*PROMPT*. Where the line with "And the sneaker (0,328,79,479)." appears in the records below, start there and transcribe each line exactly through the last.

** Opening GIVEN INFORMATION block **

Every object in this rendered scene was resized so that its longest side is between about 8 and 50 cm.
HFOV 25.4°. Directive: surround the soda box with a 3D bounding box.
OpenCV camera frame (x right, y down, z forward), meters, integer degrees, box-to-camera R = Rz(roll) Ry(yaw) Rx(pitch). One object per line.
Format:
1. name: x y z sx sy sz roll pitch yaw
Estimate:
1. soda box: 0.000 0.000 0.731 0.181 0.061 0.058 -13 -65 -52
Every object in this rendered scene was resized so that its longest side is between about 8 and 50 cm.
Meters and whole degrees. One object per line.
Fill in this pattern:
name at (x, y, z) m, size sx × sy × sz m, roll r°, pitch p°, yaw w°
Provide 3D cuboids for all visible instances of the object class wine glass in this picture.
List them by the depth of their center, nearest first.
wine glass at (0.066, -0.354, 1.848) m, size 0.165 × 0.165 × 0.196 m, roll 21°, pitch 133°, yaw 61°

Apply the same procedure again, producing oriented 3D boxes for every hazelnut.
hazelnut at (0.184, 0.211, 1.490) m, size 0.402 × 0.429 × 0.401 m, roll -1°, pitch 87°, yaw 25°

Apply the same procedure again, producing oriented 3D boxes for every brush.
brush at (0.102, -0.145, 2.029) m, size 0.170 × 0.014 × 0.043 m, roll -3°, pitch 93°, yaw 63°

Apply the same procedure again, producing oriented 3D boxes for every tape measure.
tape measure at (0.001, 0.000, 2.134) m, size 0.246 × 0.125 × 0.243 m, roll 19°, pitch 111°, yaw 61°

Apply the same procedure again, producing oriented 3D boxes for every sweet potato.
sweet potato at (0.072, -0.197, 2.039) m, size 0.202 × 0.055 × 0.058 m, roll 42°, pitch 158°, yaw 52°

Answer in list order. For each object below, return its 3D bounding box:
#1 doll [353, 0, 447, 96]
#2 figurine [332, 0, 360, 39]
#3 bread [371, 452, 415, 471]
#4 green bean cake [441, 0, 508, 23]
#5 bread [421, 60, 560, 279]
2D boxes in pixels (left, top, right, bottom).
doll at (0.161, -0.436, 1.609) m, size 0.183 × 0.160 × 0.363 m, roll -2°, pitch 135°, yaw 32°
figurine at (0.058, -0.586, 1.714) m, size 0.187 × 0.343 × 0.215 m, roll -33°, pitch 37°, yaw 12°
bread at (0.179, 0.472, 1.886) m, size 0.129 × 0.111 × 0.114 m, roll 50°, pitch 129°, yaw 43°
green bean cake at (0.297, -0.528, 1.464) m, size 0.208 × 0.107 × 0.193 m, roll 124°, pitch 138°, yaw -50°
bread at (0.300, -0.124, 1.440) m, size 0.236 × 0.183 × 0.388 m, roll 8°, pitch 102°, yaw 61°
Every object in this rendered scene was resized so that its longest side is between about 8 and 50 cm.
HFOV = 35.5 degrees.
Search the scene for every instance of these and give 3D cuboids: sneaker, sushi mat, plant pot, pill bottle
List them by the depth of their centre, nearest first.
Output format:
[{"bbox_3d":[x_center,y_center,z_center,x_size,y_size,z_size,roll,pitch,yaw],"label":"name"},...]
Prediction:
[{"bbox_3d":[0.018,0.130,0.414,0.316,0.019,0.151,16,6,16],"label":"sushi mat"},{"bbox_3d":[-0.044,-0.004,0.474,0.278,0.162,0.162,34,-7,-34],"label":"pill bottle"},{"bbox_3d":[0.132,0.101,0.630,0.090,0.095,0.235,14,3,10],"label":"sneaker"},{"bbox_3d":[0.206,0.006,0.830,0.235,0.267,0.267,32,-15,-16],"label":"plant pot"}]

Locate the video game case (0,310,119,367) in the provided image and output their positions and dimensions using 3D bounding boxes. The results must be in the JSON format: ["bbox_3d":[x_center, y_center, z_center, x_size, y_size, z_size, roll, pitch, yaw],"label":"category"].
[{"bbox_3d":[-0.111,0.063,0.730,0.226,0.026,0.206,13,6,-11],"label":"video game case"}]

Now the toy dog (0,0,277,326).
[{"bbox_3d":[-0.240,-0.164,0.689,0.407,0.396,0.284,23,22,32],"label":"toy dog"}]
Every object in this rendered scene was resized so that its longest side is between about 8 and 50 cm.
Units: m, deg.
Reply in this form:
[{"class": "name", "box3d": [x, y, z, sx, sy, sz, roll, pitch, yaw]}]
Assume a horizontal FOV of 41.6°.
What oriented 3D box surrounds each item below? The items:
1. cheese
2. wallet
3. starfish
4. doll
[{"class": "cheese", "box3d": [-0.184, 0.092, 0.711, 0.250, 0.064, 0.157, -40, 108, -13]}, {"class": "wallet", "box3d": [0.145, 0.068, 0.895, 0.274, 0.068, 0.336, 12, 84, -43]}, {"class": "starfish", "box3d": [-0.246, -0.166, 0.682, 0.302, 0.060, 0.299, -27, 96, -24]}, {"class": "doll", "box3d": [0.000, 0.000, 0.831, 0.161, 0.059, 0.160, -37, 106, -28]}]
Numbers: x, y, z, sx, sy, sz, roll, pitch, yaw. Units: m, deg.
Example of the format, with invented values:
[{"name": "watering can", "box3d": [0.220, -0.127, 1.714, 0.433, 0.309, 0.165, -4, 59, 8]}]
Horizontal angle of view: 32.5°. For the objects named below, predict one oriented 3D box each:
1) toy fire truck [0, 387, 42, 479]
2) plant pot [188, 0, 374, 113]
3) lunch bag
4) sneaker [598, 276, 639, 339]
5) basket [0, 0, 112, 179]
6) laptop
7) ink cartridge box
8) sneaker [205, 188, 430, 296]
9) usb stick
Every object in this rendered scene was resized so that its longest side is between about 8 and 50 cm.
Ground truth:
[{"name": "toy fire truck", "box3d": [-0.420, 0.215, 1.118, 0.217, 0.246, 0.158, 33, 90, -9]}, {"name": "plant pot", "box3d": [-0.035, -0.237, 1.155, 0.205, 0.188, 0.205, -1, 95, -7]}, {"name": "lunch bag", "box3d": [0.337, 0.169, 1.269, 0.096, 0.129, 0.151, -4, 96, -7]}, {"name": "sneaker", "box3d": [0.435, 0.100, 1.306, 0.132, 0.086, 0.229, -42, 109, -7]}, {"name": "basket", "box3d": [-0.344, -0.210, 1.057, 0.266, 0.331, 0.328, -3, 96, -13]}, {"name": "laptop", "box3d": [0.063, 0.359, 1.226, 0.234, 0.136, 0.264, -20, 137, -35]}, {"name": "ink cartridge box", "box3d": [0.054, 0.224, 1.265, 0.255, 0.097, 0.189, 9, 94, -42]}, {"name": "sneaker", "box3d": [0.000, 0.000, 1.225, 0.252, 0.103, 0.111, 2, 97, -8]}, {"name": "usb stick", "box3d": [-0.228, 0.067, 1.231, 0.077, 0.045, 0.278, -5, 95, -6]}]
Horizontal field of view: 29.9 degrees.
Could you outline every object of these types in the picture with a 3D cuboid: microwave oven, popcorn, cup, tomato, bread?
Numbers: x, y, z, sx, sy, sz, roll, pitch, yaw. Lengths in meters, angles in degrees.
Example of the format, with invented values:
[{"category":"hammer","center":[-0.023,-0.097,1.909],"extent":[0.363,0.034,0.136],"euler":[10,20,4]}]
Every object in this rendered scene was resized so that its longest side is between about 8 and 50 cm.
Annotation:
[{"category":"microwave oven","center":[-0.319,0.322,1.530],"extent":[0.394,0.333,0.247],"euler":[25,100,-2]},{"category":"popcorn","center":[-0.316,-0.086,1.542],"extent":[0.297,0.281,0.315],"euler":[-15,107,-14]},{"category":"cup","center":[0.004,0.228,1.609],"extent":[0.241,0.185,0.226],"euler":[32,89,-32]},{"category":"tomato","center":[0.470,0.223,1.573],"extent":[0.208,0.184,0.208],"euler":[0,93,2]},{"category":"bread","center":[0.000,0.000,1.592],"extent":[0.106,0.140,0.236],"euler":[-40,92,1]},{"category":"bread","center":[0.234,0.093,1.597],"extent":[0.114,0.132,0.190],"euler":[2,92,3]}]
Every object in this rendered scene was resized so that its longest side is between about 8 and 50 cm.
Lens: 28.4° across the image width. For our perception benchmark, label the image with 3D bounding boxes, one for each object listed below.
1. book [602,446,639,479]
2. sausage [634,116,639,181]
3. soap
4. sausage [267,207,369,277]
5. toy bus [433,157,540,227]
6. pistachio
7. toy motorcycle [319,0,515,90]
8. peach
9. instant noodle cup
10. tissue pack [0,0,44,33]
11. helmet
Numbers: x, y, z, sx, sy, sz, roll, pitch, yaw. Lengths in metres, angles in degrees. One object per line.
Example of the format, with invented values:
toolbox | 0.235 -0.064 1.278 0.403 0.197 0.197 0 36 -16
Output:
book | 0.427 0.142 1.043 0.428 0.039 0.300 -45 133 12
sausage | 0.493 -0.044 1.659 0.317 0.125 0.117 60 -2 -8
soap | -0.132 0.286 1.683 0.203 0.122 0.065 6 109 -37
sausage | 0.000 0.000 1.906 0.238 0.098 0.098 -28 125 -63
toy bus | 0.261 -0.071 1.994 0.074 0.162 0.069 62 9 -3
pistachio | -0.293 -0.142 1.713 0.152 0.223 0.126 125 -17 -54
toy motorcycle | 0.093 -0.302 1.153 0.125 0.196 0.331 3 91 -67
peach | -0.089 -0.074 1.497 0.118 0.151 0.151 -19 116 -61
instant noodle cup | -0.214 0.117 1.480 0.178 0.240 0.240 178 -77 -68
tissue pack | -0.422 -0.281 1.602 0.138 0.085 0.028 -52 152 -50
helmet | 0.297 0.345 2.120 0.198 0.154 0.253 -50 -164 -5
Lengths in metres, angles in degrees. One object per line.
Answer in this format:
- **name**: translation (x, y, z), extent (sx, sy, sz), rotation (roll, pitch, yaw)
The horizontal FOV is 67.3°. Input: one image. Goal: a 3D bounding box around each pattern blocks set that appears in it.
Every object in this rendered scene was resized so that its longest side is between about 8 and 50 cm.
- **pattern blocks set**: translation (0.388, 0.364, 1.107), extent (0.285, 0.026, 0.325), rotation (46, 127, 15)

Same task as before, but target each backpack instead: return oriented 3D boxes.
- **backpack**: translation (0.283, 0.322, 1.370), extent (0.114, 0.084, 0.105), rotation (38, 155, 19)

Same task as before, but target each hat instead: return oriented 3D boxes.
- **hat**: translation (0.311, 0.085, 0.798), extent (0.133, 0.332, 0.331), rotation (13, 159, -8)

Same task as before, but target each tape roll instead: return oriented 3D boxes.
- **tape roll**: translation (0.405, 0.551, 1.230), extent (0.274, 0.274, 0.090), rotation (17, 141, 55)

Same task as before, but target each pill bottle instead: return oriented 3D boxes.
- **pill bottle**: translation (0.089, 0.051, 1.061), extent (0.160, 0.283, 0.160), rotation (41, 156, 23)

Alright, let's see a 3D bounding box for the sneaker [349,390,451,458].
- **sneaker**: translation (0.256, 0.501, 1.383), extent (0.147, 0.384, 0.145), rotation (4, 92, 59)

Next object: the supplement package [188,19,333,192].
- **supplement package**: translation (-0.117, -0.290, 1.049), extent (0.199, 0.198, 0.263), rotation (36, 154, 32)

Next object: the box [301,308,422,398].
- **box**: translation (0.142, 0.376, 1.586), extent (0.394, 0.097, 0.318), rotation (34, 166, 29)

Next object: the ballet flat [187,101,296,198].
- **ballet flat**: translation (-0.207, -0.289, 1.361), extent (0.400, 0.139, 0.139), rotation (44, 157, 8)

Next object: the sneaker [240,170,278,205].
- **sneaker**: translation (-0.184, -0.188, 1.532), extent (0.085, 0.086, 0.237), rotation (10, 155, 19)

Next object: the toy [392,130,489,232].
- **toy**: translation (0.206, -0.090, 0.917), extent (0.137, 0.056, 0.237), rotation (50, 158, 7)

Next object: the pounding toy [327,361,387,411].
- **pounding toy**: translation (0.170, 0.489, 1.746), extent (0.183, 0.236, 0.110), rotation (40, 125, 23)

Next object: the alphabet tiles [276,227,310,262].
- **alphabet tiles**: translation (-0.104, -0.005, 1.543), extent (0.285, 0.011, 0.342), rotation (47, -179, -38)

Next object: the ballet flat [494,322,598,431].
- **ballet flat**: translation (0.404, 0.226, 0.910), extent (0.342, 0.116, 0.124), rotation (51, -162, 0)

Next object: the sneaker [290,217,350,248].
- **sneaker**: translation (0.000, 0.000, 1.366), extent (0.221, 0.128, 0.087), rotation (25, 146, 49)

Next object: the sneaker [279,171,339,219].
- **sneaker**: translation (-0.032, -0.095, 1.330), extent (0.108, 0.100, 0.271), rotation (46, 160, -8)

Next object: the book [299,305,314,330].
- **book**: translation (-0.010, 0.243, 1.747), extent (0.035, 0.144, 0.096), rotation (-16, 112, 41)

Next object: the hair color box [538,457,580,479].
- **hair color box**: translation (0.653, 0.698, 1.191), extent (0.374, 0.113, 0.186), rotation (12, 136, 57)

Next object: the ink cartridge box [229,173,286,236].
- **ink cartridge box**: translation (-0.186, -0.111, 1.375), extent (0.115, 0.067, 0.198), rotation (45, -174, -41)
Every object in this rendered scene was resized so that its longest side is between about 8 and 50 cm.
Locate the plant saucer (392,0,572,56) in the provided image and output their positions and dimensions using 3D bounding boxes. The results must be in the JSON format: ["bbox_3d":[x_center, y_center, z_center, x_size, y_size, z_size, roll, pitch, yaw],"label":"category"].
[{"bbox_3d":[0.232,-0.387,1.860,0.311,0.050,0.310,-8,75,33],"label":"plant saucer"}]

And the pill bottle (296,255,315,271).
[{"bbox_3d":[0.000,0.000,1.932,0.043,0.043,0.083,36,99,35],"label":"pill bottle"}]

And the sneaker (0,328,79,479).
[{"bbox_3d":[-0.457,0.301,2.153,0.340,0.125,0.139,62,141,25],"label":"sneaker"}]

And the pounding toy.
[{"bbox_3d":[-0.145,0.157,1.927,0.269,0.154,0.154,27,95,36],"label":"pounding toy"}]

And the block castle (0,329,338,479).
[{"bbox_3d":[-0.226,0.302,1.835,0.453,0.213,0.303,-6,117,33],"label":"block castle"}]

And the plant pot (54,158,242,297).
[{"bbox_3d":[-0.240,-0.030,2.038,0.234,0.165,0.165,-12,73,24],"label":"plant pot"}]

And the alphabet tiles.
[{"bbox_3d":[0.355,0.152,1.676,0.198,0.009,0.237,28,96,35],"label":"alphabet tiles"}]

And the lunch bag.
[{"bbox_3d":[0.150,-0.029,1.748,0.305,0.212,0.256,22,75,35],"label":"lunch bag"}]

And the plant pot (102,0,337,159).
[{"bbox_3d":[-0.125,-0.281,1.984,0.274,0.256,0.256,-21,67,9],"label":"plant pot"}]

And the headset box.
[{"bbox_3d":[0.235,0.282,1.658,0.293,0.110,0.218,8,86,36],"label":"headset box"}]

** Closing GIVEN INFORMATION block **

*REPLY*.
And the sneaker (0,328,79,479).
[{"bbox_3d":[-0.457,0.301,2.153,0.340,0.125,0.139,62,141,25],"label":"sneaker"}]

And the pounding toy.
[{"bbox_3d":[-0.145,0.157,1.927,0.269,0.154,0.154,27,95,36],"label":"pounding toy"}]

And the block castle (0,329,338,479).
[{"bbox_3d":[-0.226,0.302,1.835,0.453,0.213,0.303,-6,117,33],"label":"block castle"}]

And the plant pot (54,158,242,297).
[{"bbox_3d":[-0.240,-0.030,2.038,0.234,0.165,0.165,-12,73,24],"label":"plant pot"}]

And the alphabet tiles.
[{"bbox_3d":[0.355,0.152,1.676,0.198,0.009,0.237,28,96,35],"label":"alphabet tiles"}]

And the lunch bag.
[{"bbox_3d":[0.150,-0.029,1.748,0.305,0.212,0.256,22,75,35],"label":"lunch bag"}]

And the plant pot (102,0,337,159).
[{"bbox_3d":[-0.125,-0.281,1.984,0.274,0.256,0.256,-21,67,9],"label":"plant pot"}]

And the headset box.
[{"bbox_3d":[0.235,0.282,1.658,0.293,0.110,0.218,8,86,36],"label":"headset box"}]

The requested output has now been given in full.